My first pay was £9 a week as an apprentice shipwright at the MOD, served my time, got bored and joined the army at 20. Did my 22yrs, then immediately signed up again haha still in teaching and recruitment now. Due to retire for good in two years.


----------



## WRENCH (Jun 20, 2016)

Teg62x said:


> still in teaching and recruitment now.


 So is my nieces husband.


----------



## Teg62x (Dec 28, 2016)

WRENCH said:


> So is my nieces husband.


 who is he with wrench?


----------



## Robden (Apr 2, 2016)

Not a week in hand but got £3 7/6d a week as an apprentice (5 years) in the print..........Made up for it later though.


----------



## Leberkäse (Feb 11, 2017)

Yip I certainly did, at the time it felt like the longest 2 weeks of my life waiting for my first pay packet.

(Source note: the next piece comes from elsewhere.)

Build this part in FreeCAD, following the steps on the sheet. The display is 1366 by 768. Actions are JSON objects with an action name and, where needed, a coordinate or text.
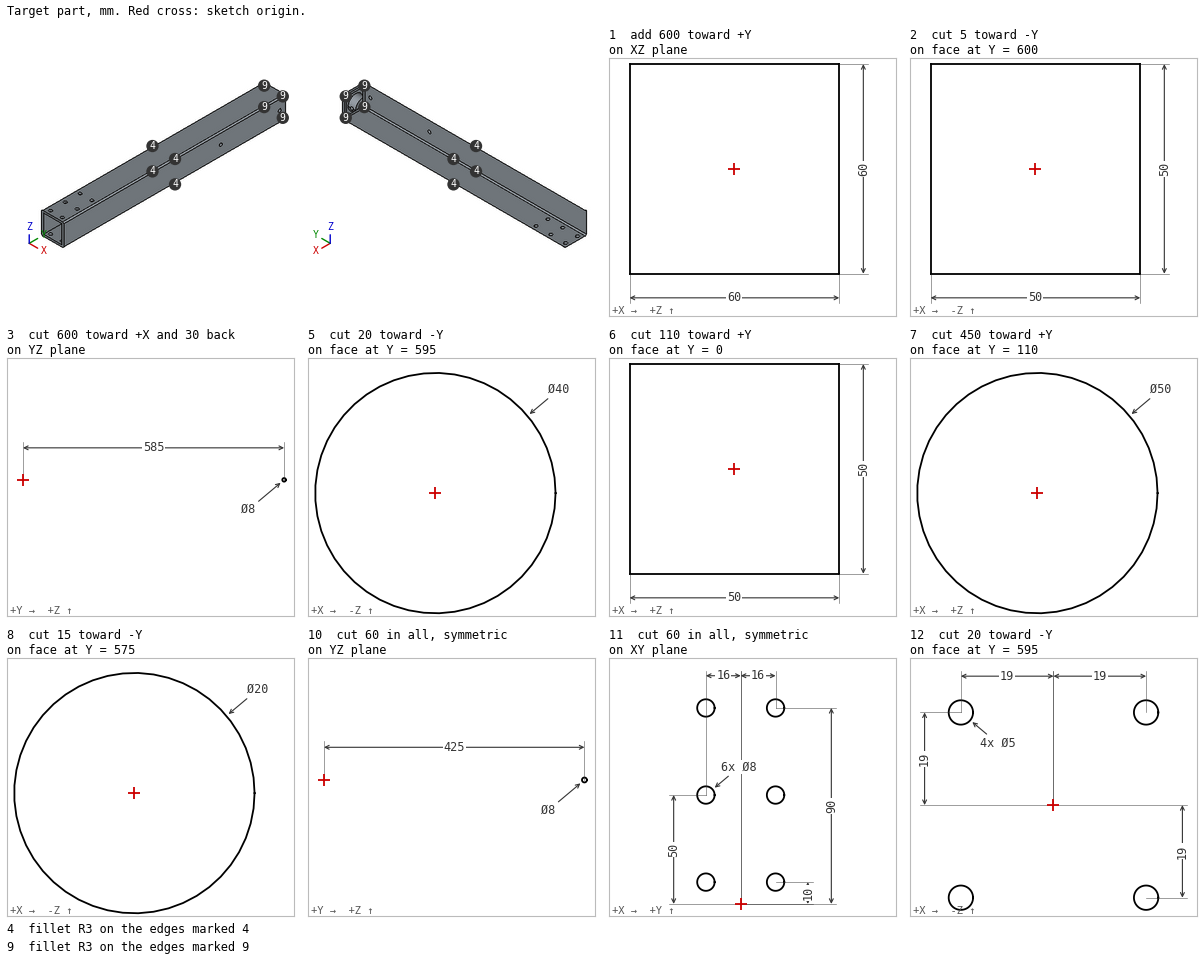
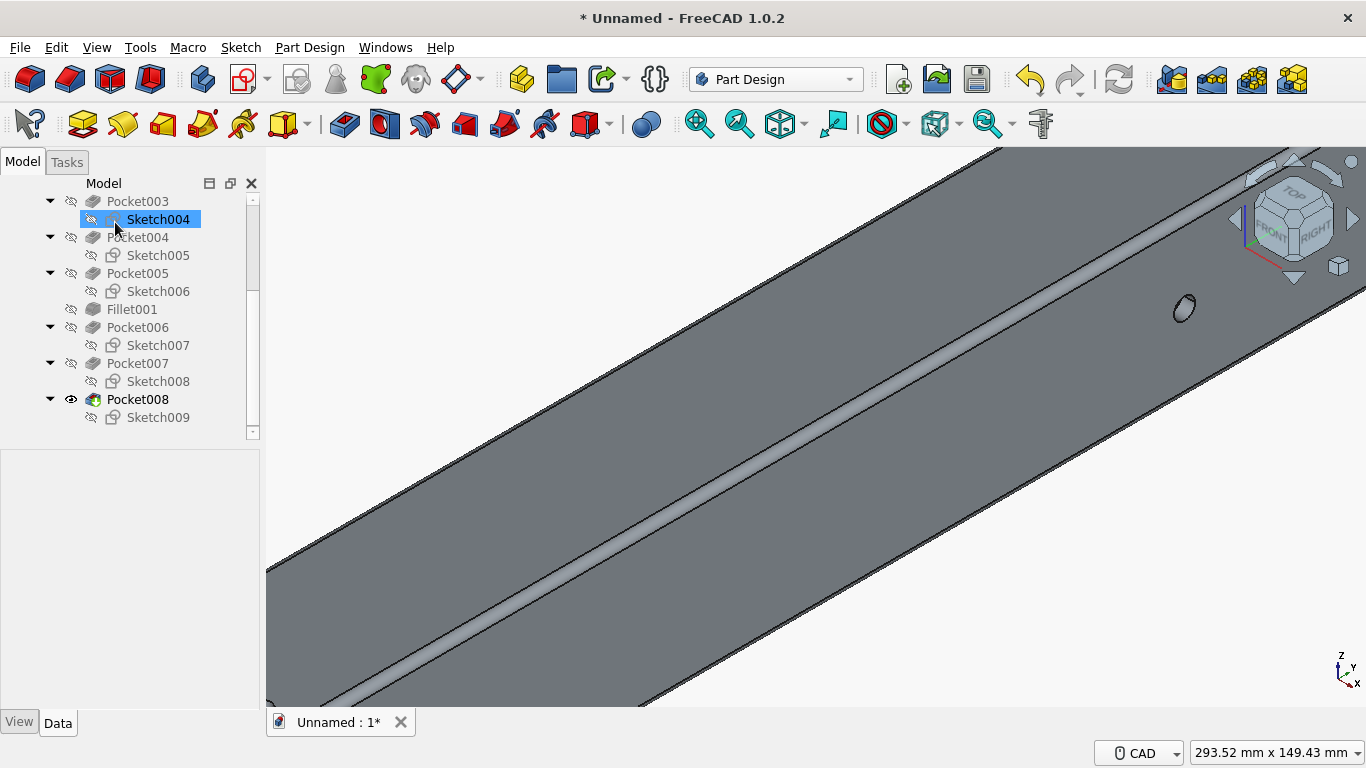
{"action": "key", "text": "v f"}

When I got home with the princely sum of , I think twas about 7 quid , my mother promptly took half of it for my board ! ffs I was gutted.


----------



## Delta (Dec 16, 2015)

Yep, I worked a week in hand - started an apprenticeship in 1972, first pay packet £7.45 if I remember rightly.

Left the company after 26 years and another 19 years later I'm back there contracting


----------



## Barry Mclean (Nov 3, 2016)

I left school on a Friday and started my apprenticeship as a mechanic on the following Monday. My first wage was £14 a week towards the end of my apprenticeship I decided it was not what i wanted to do for the rest of my life I left and became a nurse in a Mental hospital. A massive change I know I did work with quite a few other men who also had an engineering background. One of the benefits of the job I loved was the benefit of being able to retire at fifty five with a pension there was no way I would have been able to achieve that if I had stayed on the tools.


----------



## WRENCH (Jun 20, 2016)

I ran my own business, debt collection was my biggest headache. I always believed in the personal touch. In 20+ years I only have one unrecovered debt of £280, so I didn't do to bad. Large company accountants who use stalling tactics to withhold payments, forget/don't care, that wages have to be paid out of what they owe, and 120 days plus seems "acceptable". I have gone, sometimes, for months, without a wage in order to cover staff, rather than go into overdraft.


----------



## Karrusel (Aug 13, 2016)

WRENCH said:


> I ran my own business, debt collection was my biggest headache. I always believed in the personal touch. In 20+ years I only have one unrecovered debt of £280, so I didn't do to bad. Large company accountants who use stalling tactics to withhold payments, forget/don't care, that wages have to be paid out of what they owe, and 120 days plus seems "acceptable". I have gone, sometimes, for months, without a wage in order to cover staff, rather than go into overdraft.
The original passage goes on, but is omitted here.